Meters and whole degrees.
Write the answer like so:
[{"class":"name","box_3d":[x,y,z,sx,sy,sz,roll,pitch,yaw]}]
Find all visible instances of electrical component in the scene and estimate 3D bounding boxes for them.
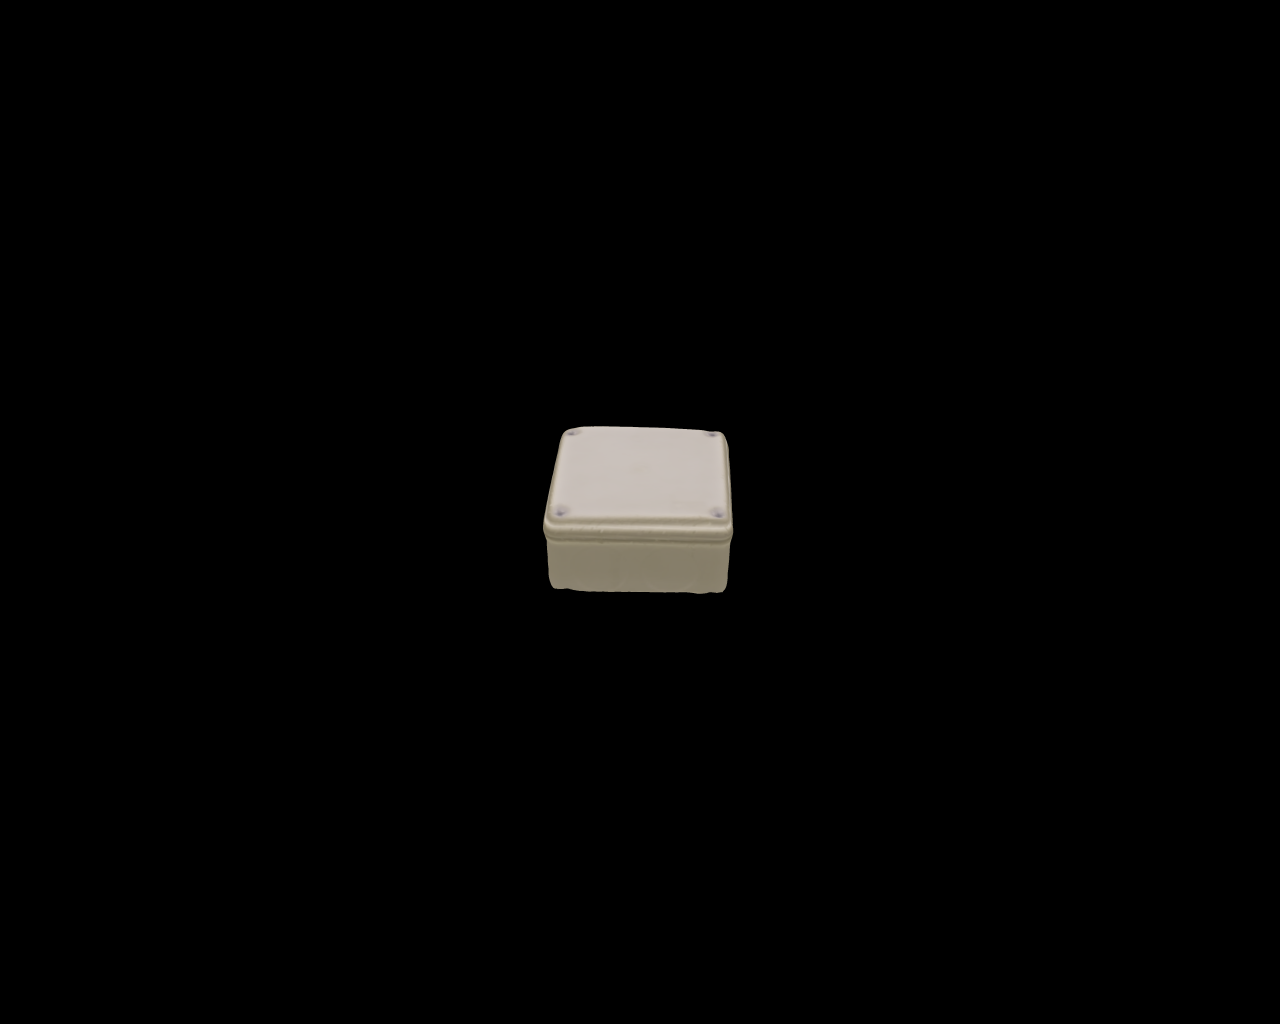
[{"class":"electrical component","box_3d":[0.001,-0.003,0.650,0.109,0.056,0.109,1,35,2]}]
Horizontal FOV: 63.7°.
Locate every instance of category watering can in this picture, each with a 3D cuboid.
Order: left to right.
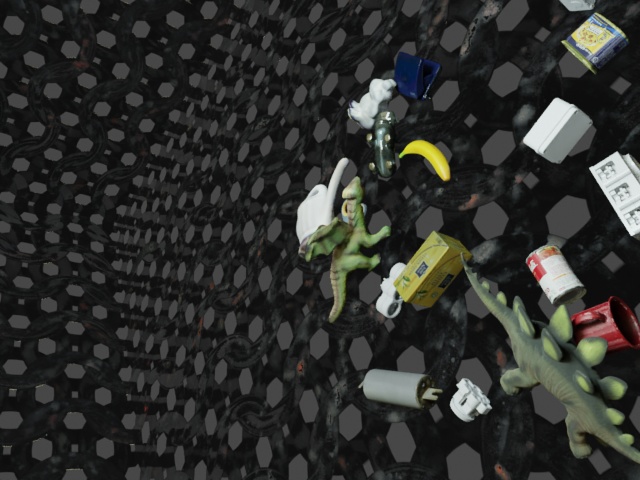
[{"bbox_3d":[0.005,-0.079,1.563,0.341,0.104,0.229,132,141,-50],"label":"watering can"}]

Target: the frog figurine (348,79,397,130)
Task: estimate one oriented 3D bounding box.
[{"bbox_3d":[0.169,-0.402,1.511,0.158,0.122,0.139,-29,9,28],"label":"frog figurine"}]

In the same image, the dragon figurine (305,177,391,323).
[{"bbox_3d":[0.046,0.031,1.384,0.123,0.241,0.409,26,94,48],"label":"dragon figurine"}]
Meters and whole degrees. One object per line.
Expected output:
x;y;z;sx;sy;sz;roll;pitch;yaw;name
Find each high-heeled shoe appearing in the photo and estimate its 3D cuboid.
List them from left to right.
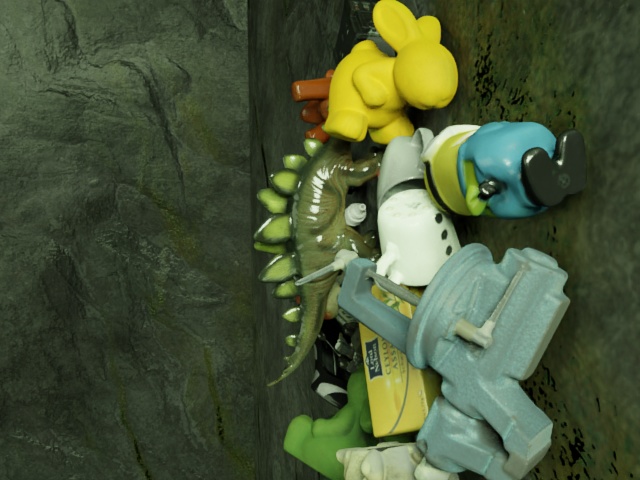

[About this task] Print the whole listing exactly. No pictures belong in the copy.

[Response to this task]
Meters and whole degrees.
Write the answer like so:
[{"class":"name","box_3d":[x,y,z,sx,sy,sz,roll,pitch,yaw]}]
Find all visible instances of electrical component in the scene and estimate 3D bounding boxes for them.
[{"class":"electrical component","box_3d":[0.001,-0.003,0.650,0.109,0.056,0.109,1,35,2]}]
Horizontal FOV: 63.7°.
Locate every instance of category watering can in this picture, each with a 3D cuboid.
Order: left to right.
[{"bbox_3d":[0.005,-0.079,1.563,0.341,0.104,0.229,132,141,-50],"label":"watering can"}]

Target: the frog figurine (348,79,397,130)
Task: estimate one oriented 3D bounding box.
[{"bbox_3d":[0.169,-0.402,1.511,0.158,0.122,0.139,-29,9,28],"label":"frog figurine"}]

In the same image, the dragon figurine (305,177,391,323).
[{"bbox_3d":[0.046,0.031,1.384,0.123,0.241,0.409,26,94,48],"label":"dragon figurine"}]
Meters and whole degrees. One object per line.
Expected output:
x;y;z;sx;sy;sz;roll;pitch;yaw;name
Find each high-heeled shoe appearing in the photo and estimate its 3D cuboid.
List them from left to right.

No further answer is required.